→ Source records:
*** Begin section ***
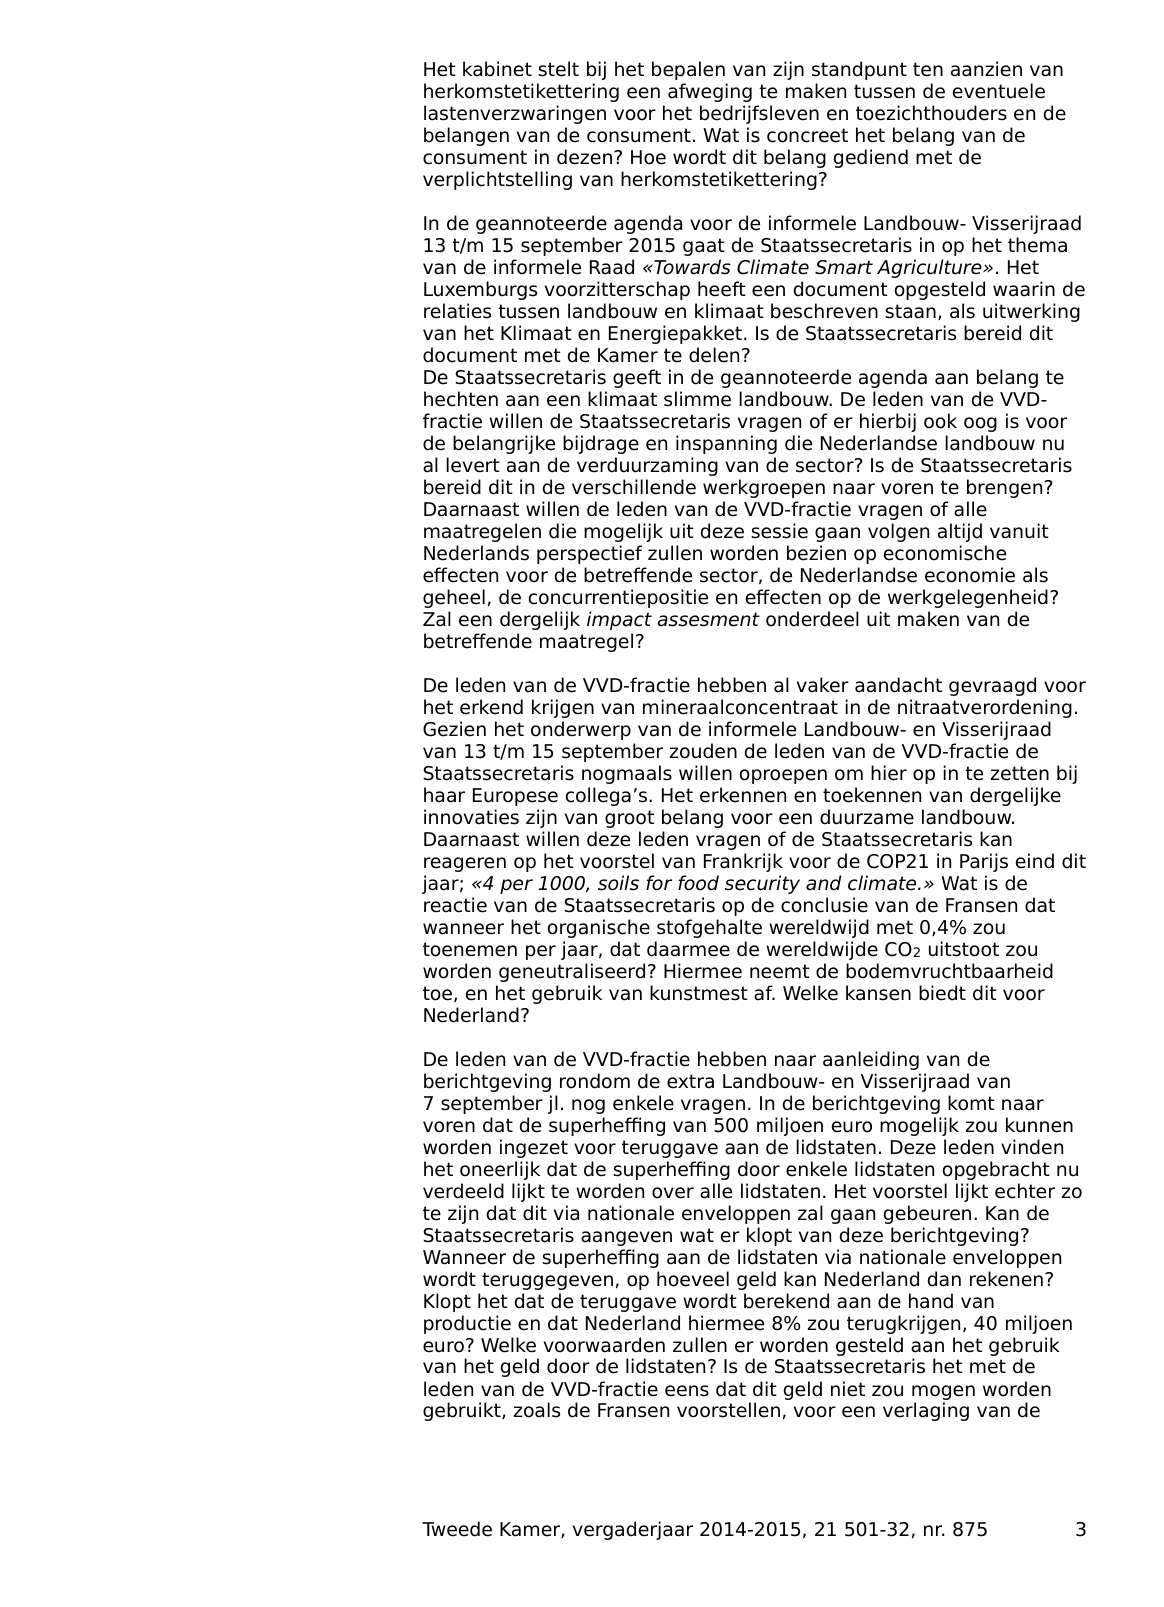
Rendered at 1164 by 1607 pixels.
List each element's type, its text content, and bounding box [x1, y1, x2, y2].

text In de geannoteerde agenda voor de informele Landbouw- Visserijraad 13 t/m 15 september 2015 gaat de Staatssecretaris in op het thema van de informele Raad «Towards Climate Smart Agriculture». Het Luxemburgs voorzitterschap heeft een document opgesteld waarin de relaties tussen landbouw en klimaat beschreven staan, als uitwerking van het Klimaat en Energiepakket. Is de Staatssecretaris bereid dit document met de Kamer te delen? [422, 213, 1087, 367]
text De leden van de VVD-fractie hebben naar aanleiding van de berichtgeving rondom de extra Landbouw- en Visserijraad van 7 september jl. nog enkele vragen. In de berichtgeving komt naar voren dat de superheffing van 500 miljoen euro mogelijk zou kunnen worden ingezet voor teruggave aan de lidstaten. Deze leden vinden het oneerlijk dat de superheffing door enkele lidstaten opgebracht nu verdeeld lijkt te worden over alle lidstaten. Het voorstel lijkt echter zo te zijn dat dit via nationale enveloppen zal gaan gebeuren. Kan de Staatssecretaris aangeven wat er klopt van deze berichtgeving? Wanneer de superheffing aan de lidstaten via nationale enveloppen wordt teruggegeven, op hoeveel geld kan Nederland dan rekenen? Klopt het dat de teruggave wordt berekend aan de hand van productie en dat Nederland hiermee 8% zou terugkrijgen, 40 miljoen euro? Welke voorwaarden zullen er worden gesteld aan het gebruik van het geld door de lidstaten? Is de Staatssecretaris het met de leden van de VVD-fractie eens dat dit geld niet zou mogen worden gebruikt, zoals de Fransen voorstellen, voor een verlaging van de [422, 1049, 1087, 1422]
text Het kabinet stelt bij het bepalen van zijn standpunt ten aanzien van herkomstetikettering een afweging te maken tussen de eventuele lastenverzwaringen voor het bedrijfsleven en toezichthouders en de belangen van de consument. Wat is concreet het belang van de consument in dezen? Hoe wordt dit belang gediend met de verplichtstelling van herkomstetikettering? [422, 59, 1087, 191]
text De leden van de VVD-fractie hebben al vaker aandacht gevraagd voor het erkend krijgen van mineraalconcentraat in de nitraatverordening. Gezien het onderwerp van de informele Landbouw- en Visserijraad van 13 t/m 15 september zouden de leden van de VVD-fractie de Staatssecretaris nogmaals willen oproepen om hier op in te zetten bij haar Europese collega’s. Het erkennen en toekennen van dergelijke innovaties zijn van groot belang voor een duurzame landbouw. [422, 675, 1087, 829]
text De Staatssecretaris geeft in de geannoteerde agenda aan belang te hechten aan een klimaat slimme landbouw. De leden van de VVD-fractie willen de Staatssecretaris vragen of er hierbij ook oog is voor de belangrijke bijdrage en inspanning die Nederlandse landbouw nu al levert aan de verduurzaming van de sector? Is de Staatssecretaris bereid dit in de verschillende werkgroepen naar voren te brengen? Daarnaast willen de leden van de VVD-fractie vragen of alle maatregelen die mogelijk uit deze sessie gaan volgen altijd vanuit Nederlands perspectief zullen worden bezien op economische effecten voor de betreffende sector, de Nederlandse economie als geheel, de concurrentiepositie en effecten op de werkgelegenheid? Zal een dergelijk impact assesment onderdeel uit maken van de betreffende maatregel? [422, 367, 1087, 653]
text Daarnaast willen deze leden vragen of de Staatssecretaris kan reageren op het voorstel van Frankrijk voor de COP21 in Parijs eind dit jaar; «4 per 1000, soils for food security and climate.» Wat is de reactie van de Staatssecretaris op de conclusie van de Fransen dat wanneer het organische stofgehalte wereldwijd met 0,4% zou toenemen per jaar, dat daarmee de wereldwijde CO2 uitstoot zou worden geneutraliseerd? Hiermee neemt de bodemvruchtbaarheid toe, en het gebruik van kunstmest af. Welke kansen biedt dit voor Nederland? [422, 829, 1087, 1027]
*** End section ***
→ Aim of the task:
All records above must be copied exactly, though the pictures they hold are to be left out.

→ Result for this exercise:
Rendered at 1164 by 1607 pixels.
List each element's type, its text content, and bounding box [x1, y1, x2, y2].

text In de geannoteerde agenda voor de informele Landbouw- Visserijraad 13 t/m 15 september 2015 gaat de Staatssecretaris in op het thema van de informele Raad «Towards Climate Smart Agriculture». Het Luxemburgs voorzitterschap heeft een document opgesteld waarin de relaties tussen landbouw en klimaat beschreven staan, als uitwerking van het Klimaat en Energiepakket. Is de Staatssecretaris bereid dit document met de Kamer te delen? [422, 213, 1087, 367]
text De leden van de VVD-fractie hebben naar aanleiding van de berichtgeving rondom de extra Landbouw- en Visserijraad van 7 september jl. nog enkele vragen. In de berichtgeving komt naar voren dat de superheffing van 500 miljoen euro mogelijk zou kunnen worden ingezet voor teruggave aan de lidstaten. Deze leden vinden het oneerlijk dat de superheffing door enkele lidstaten opgebracht nu verdeeld lijkt te worden over alle lidstaten. Het voorstel lijkt echter zo te zijn dat dit via nationale enveloppen zal gaan gebeuren. Kan de Staatssecretaris aangeven wat er klopt van deze berichtgeving? Wanneer de superheffing aan de lidstaten via nationale enveloppen wordt teruggegeven, op hoeveel geld kan Nederland dan rekenen? Klopt het dat de teruggave wordt berekend aan de hand van productie en dat Nederland hiermee 8% zou terugkrijgen, 40 miljoen euro? Welke voorwaarden zullen er worden gesteld aan het gebruik van het geld door de lidstaten? Is de Staatssecretaris het met de leden van de VVD-fractie eens dat dit geld niet zou mogen worden gebruikt, zoals de Fransen voorstellen, voor een verlaging van de [422, 1049, 1087, 1422]
text Het kabinet stelt bij het bepalen van zijn standpunt ten aanzien van herkomstetikettering een afweging te maken tussen de eventuele lastenverzwaringen voor het bedrijfsleven en toezichthouders en de belangen van de consument. Wat is concreet het belang van de consument in dezen? Hoe wordt dit belang gediend met de verplichtstelling van herkomstetikettering? [422, 59, 1087, 191]
text De leden van de VVD-fractie hebben al vaker aandacht gevraagd voor het erkend krijgen van mineraalconcentraat in de nitraatverordening. Gezien het onderwerp van de informele Landbouw- en Visserijraad van 13 t/m 15 september zouden de leden van de VVD-fractie de Staatssecretaris nogmaals willen oproepen om hier op in te zetten bij haar Europese collega’s. Het erkennen en toekennen van dergelijke innovaties zijn van groot belang voor een duurzame landbouw. [422, 675, 1087, 829]
text De Staatssecretaris geeft in de geannoteerde agenda aan belang te hechten aan een klimaat slimme landbouw. De leden van de VVD-fractie willen de Staatssecretaris vragen of er hierbij ook oog is voor de belangrijke bijdrage en inspanning die Nederlandse landbouw nu al levert aan de verduurzaming van de sector? Is de Staatssecretaris bereid dit in de verschillende werkgroepen naar voren te brengen? Daarnaast willen de leden van de VVD-fractie vragen of alle maatregelen die mogelijk uit deze sessie gaan volgen altijd vanuit Nederlands perspectief zullen worden bezien op economische effecten voor de betreffende sector, de Nederlandse economie als geheel, de concurrentiepositie en effecten op de werkgelegenheid? Zal een dergelijk impact assesment onderdeel uit maken van de betreffende maatregel? [422, 367, 1087, 653]
text Daarnaast willen deze leden vragen of de Staatssecretaris kan reageren op het voorstel van Frankrijk voor de COP21 in Parijs eind dit jaar; «4 per 1000, soils for food security and climate.» Wat is de reactie van de Staatssecretaris op de conclusie van de Fransen dat wanneer het organische stofgehalte wereldwijd met 0,4% zou toenemen per jaar, dat daarmee de wereldwijde CO2 uitstoot zou worden geneutraliseerd? Hiermee neemt de bodemvruchtbaarheid toe, en het gebruik van kunstmest af. Welke kansen biedt dit voor Nederland? [422, 829, 1087, 1027]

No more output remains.